I went to the Crow. I hugged all of my favorite bar and wait staff. I remembered that one of them still had a key to my apartment. I had him dog sit once, and I let him keep it. I secretly hoped he would show up one night, but he hasn’t yet. I drank two glasses of wine with Savers and Harley Davidson. It was uneventful really, and then Savers asked me to go to the bistro for another glass. What could I say? It wasn’t like I had anything better to do. So, I went. After that, I got invited to Saver’s house for dinner. “My daughter is there” he reassured. It was late, and I drank too much wine, but I went anyway.
There was too much going on that day. I was getting texts from my neighbor that I was supposed to pick up. Clearly I couldn’t. He was on the other side of town. I call him Gus’s Boyfriend. Gus’s Boyfriend? Gus stood for ‘guy upstairs.’ And, my neighbor, Gus’s boyfriend, used to be inseparable from the guy upstairs, hence the name.
Gus’s Boyfriend: Okay, I get off at 7PM or 7:30 PM tonight.
Me: I can’t drive there, but I will Uber you home.
Me: Is that okay?
Gus’s Boyfriend: It’s okay don’t worry about me I find something else hop you
okay.
Well, I was off the hook for that, but then, I got another text.
Green Chili: What are you doing later this evening?
Me: Umm…nothing.
I should have said that I was out. I was already many glasses in and I had to get home.

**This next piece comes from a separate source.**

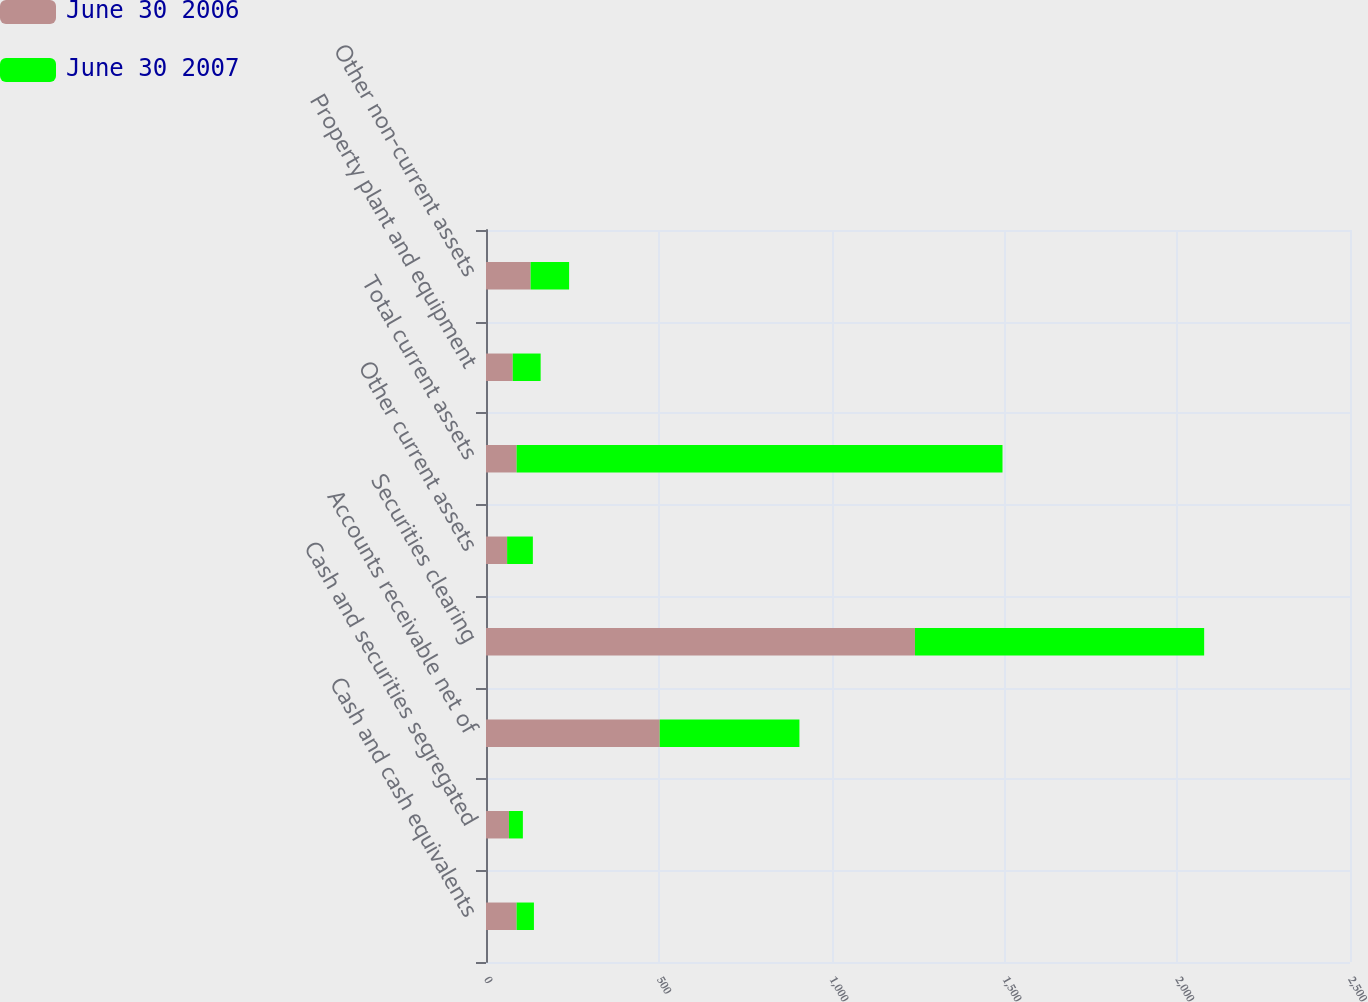Convert chart. <chart><loc_0><loc_0><loc_500><loc_500><stacked_bar_chart><ecel><fcel>Cash and cash equivalents<fcel>Cash and securities segregated<fcel>Accounts receivable net of<fcel>Securities clearing<fcel>Other current assets<fcel>Total current assets<fcel>Property plant and equipment<fcel>Other non-current assets<nl><fcel>June 30 2006<fcel>88.6<fcel>66.4<fcel>502.7<fcel>1241.2<fcel>61.1<fcel>88.6<fcel>77.4<fcel>129.2<nl><fcel>June 30 2007<fcel>50.1<fcel>40.3<fcel>404.2<fcel>836.8<fcel>74.5<fcel>1405.9<fcel>80.7<fcel>111.3<nl></chart> 
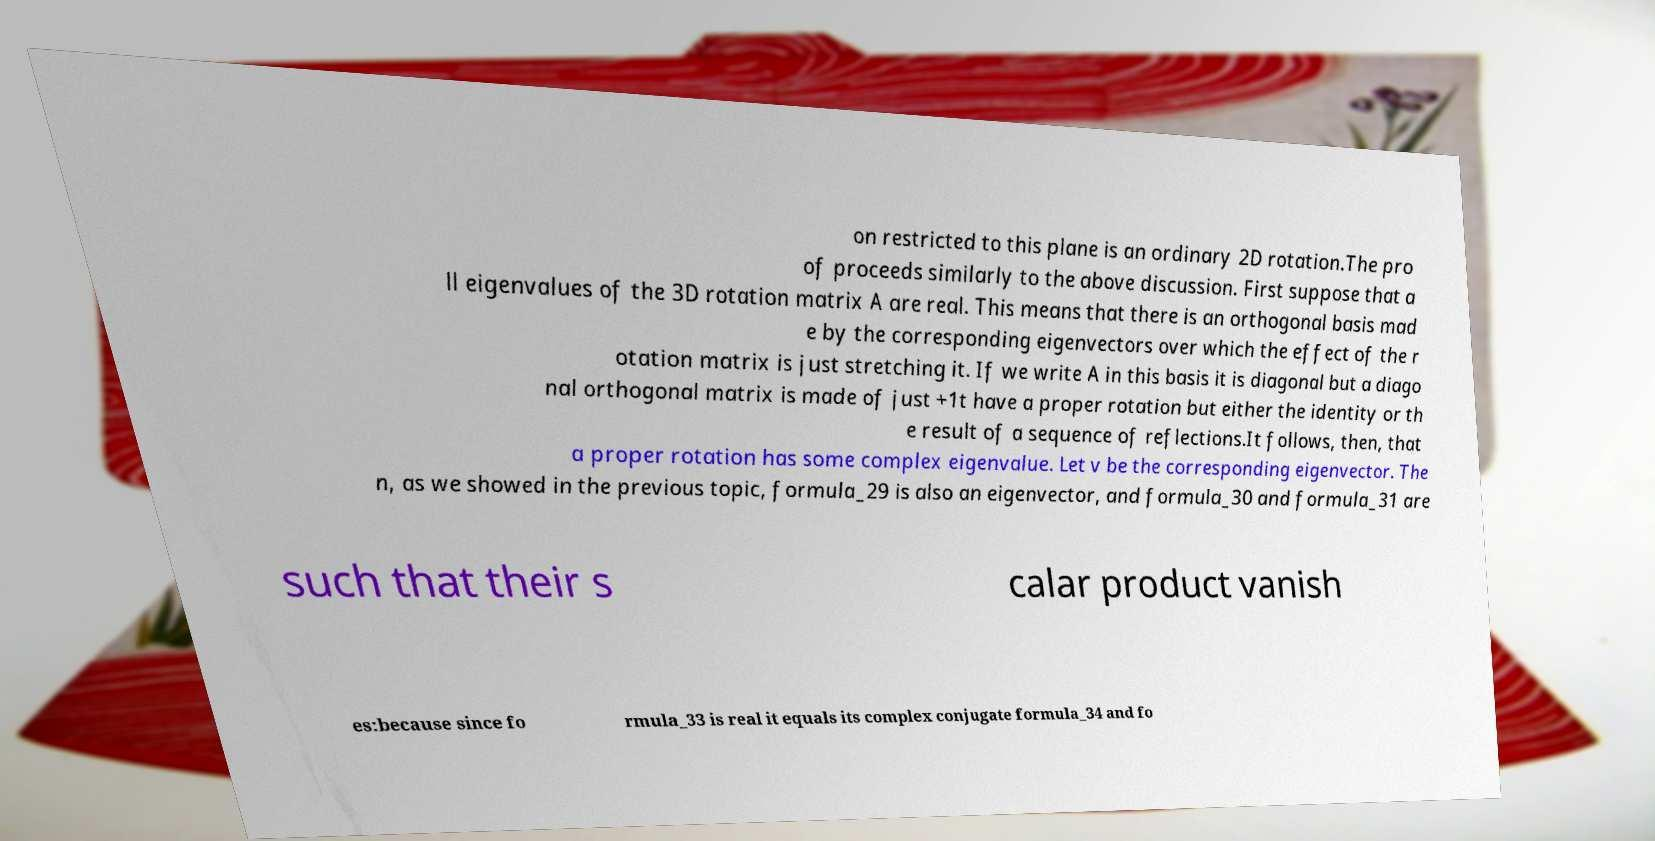For documentation purposes, I need the text within this image transcribed. Could you provide that? on restricted to this plane is an ordinary 2D rotation.The pro of proceeds similarly to the above discussion. First suppose that a ll eigenvalues of the 3D rotation matrix A are real. This means that there is an orthogonal basis mad e by the corresponding eigenvectors over which the effect of the r otation matrix is just stretching it. If we write A in this basis it is diagonal but a diago nal orthogonal matrix is made of just +1t have a proper rotation but either the identity or th e result of a sequence of reflections.It follows, then, that a proper rotation has some complex eigenvalue. Let v be the corresponding eigenvector. The n, as we showed in the previous topic, formula_29 is also an eigenvector, and formula_30 and formula_31 are such that their s calar product vanish es:because since fo rmula_33 is real it equals its complex conjugate formula_34 and fo

Me: I’m in rich white people land and by the time I get home, I probably won’t be able to drive.
Me: Well, drive anywhere else.
Me: You guys want to come over?
What a stupid idea that was.
Green Chili: What time were are you thinking?
Me: 9:00 ish?
I made my way back home and sent out texts indicating so.
Savers: Home
That was sometime just before 9:00 PM. I laid down in my bed with my Beats on and I tried to sleep. I had already regretted my decision to invite them over, but it was too late.
Green Chili: Ok cool – we are going to eat and we will be there around 9
Me: Okay, text when you’re here so my dog doesn’t freak out.
Sometime around 10:00 there was a knock on my door, no warning text. I painfully got up. I looked out of my kitchen window, and, it was them. There were three of them. One stood there holding a bag of beer, and the other with two bottles of wine. I opened my door, let them in, and five hours later, six beer, and two bottles of wine, they left. I wanted to say bye Felicia, but I was too drunk and tired, and I didn’t think they’d get the reference anyway. Now, back to waking up at 8:33 in the morning.
Fuck. I didn’t want to wake up. My head hurt, my body was lame, but I didn’t have a choice. The sun was shining in. I reached over and grabbed my phone from the night stand to see what other mischief that I got up to night before. Thankfully, it was nothing more. No drunk texts.
I rolled out of bed, literally, on to my dog’s bed next to me, to which he was still on. He stretched out on it while I crawled over him. I felt like shit. I dragged my ass up into the kitchen. I opened my fridge that was littered with pictures of my past and grabbed my power aid. I stood there with the opened fridge and drank straight from the bottle. It didn’t help. I looked around my apartment for evidence of what happened the night before.
There were two, almost empty pint glasses and two very empty wine glasses. Near the couch I found a near empty wine bottle. I poured it into one of the glasses and finished it. I figured that it couldn’t get any worse.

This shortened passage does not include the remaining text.